If a specific core is not listed, then it either has not been built in the q2-cores package yet, or is is known by a different name. For example, DNA is known as OSI in the q2-cores package, or DNA could refer to CoreAPI. If you are unsure about the name of your core, please reach out to the SDK team. If your core is not listed, you can use the base option and build your specific core.

Notice that a new directory CoreProExtended has been created in the root of the repo, and a number of files were generated. The files and file structure of this new directory mirror the structure used in the q2-cores package. Also notice that settings.py has been changed to reflect the new core with the CUSTOM_CORE parameter. With that new parameter, the CORE value can be changed to the new coreflow. Change the CORE parameter to the below line:

CORE = "CoreProExtended"

A config file is also required for the new core flow. But, since this is a custom core, the configuration name should match the core name found in the CUSTOM_CORES dictionary:

$ q2 generate_config CoreProExtended

Before diving into the new generated files, the new coreflow should be imported. Comment out the core import line at the top of extension.py, and add the following line below the previous import statement:

from CoreProExtended.core import Core as CoreProExtendedCore

Also, change the helper function created in the previous step. It should reflect the CoreProCore to CoreProExtendedCore change:

@property
def core(self) -> CoreProExtendedCore:

    # noinspection PyTypeChecker
    return super().core

Render the form after these changes to ensure that the form is still pre-populating as expected.

The Coreflow Files

A number of files and directories were created in the new CoreProExtended module.

core.py

This file is the main class of the new coreflow module. It holds the Core class which is imported in the code, and it gives access to the queries, mappers, and models.

queries

This directory holds the query files. A query constructs a core call, and passes that call to a mapper for execution. The accepted convention is one core call per file.

mappers

This directory holds the mapper files. A mapper executes a query, or multiple queries, and parses the return. This is where the return is checked for errors, and the returned data is mapped to a model. That model is then returned. It is possible that multiple queries are needed to be run to get all the relevant data. A demographics call could consist of a “get entity” call, and a email/phone/address call in order to get a complete demographic object. Or, an “initial search” query might be necessary to get a unique value that identifies the end user before a demographic all can be made.

models

This directory holds the model files. A model is a class or data structure that contains the information from the returned core call. Models are not always necessary, but they are a convenient way to organize a large data set like demographic information.

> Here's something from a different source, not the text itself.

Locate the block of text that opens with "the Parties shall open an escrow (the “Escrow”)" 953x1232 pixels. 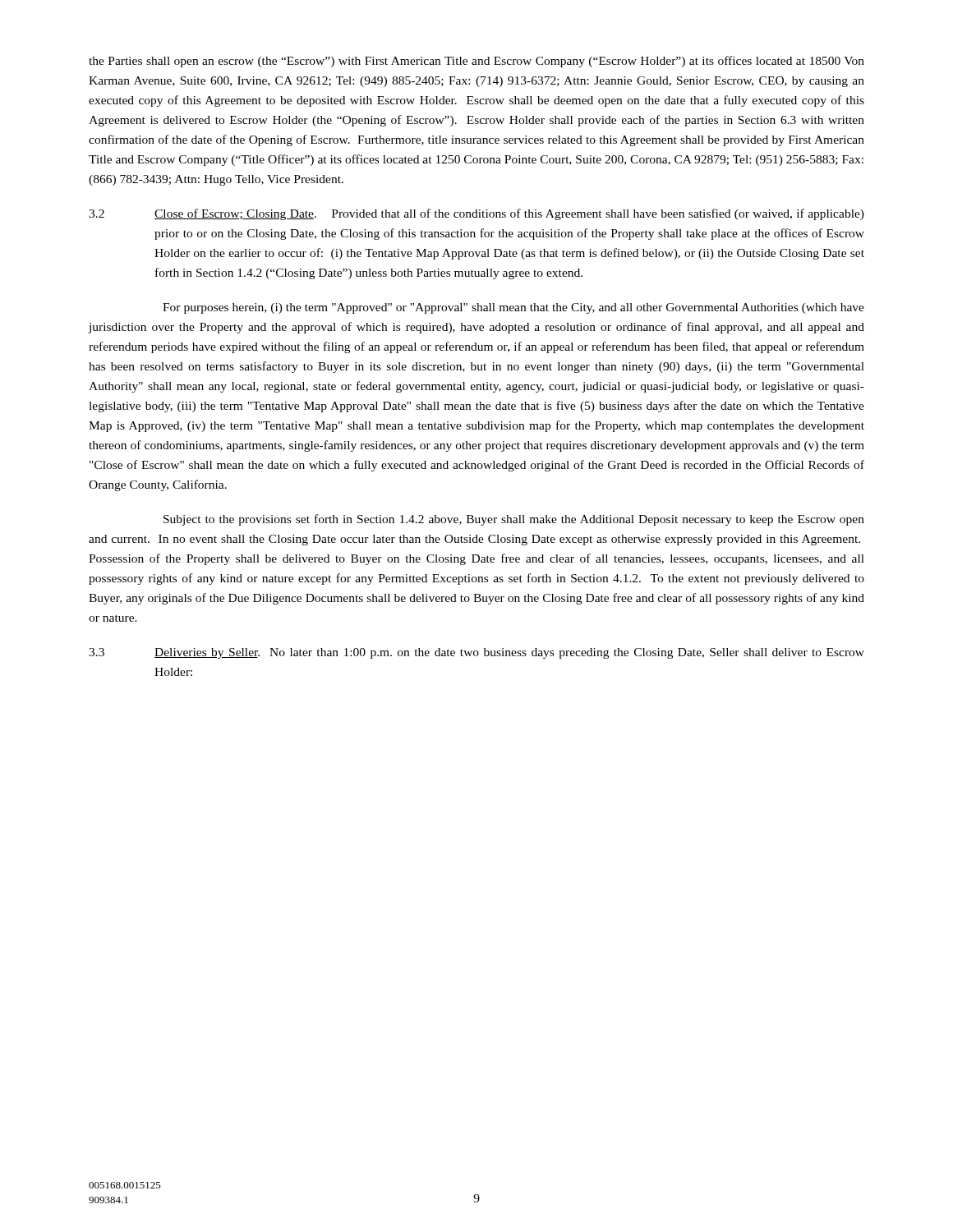coord(476,120)

Building a new core call starts with the query. For simplicity, assume this new core call takes a JSON object and responds with JSON. The response used in the mock_response method should be a known response to the core call. Replace the CoreProExtended/queries/update_address_query.py file’s content with the following code.

Note

Some Q2 core adapters will do post-processing on the incoming query shape to create valid SOAP shapes or to include configuration values. Looking at the already existing queries provided in the q2-cores will show a request shape that is expected and accepted by they Q2 adapter. For example, the JXchange core expects a valid SOAP shape, but the demographic call provided by the q2-cores package does not build a full SOAP shape, and it is the adapter that builds the shape. Instead, the JXchange query root node is used as the SOAP action and the xml is wrapped in a “passthru” node where a “servicename” attribute is provided to direct the call to the appropriate core URL. This can be viewed in Queries and in this adapter code snippet .. literalinclude:: code_snippets/create_coreflow/jxchange_adapter_snippet.cs

language:

cs

import json
import logging
from q2_sdk.models.cores.queries.base_query import BaseQuery


class UpdateAddressQuery(BaseQuery):
    """
    Handles construction of core requests as well as mock responses for testing.
    """

    def __init__(self, logger: logging.Logger, new_address: dict, users_ssn: str, api_key: str, mock_failure=False):
        """
        Object which builds the query to be send to the Core.
        If server is running debug mode, will return mocked response instead of calling the core.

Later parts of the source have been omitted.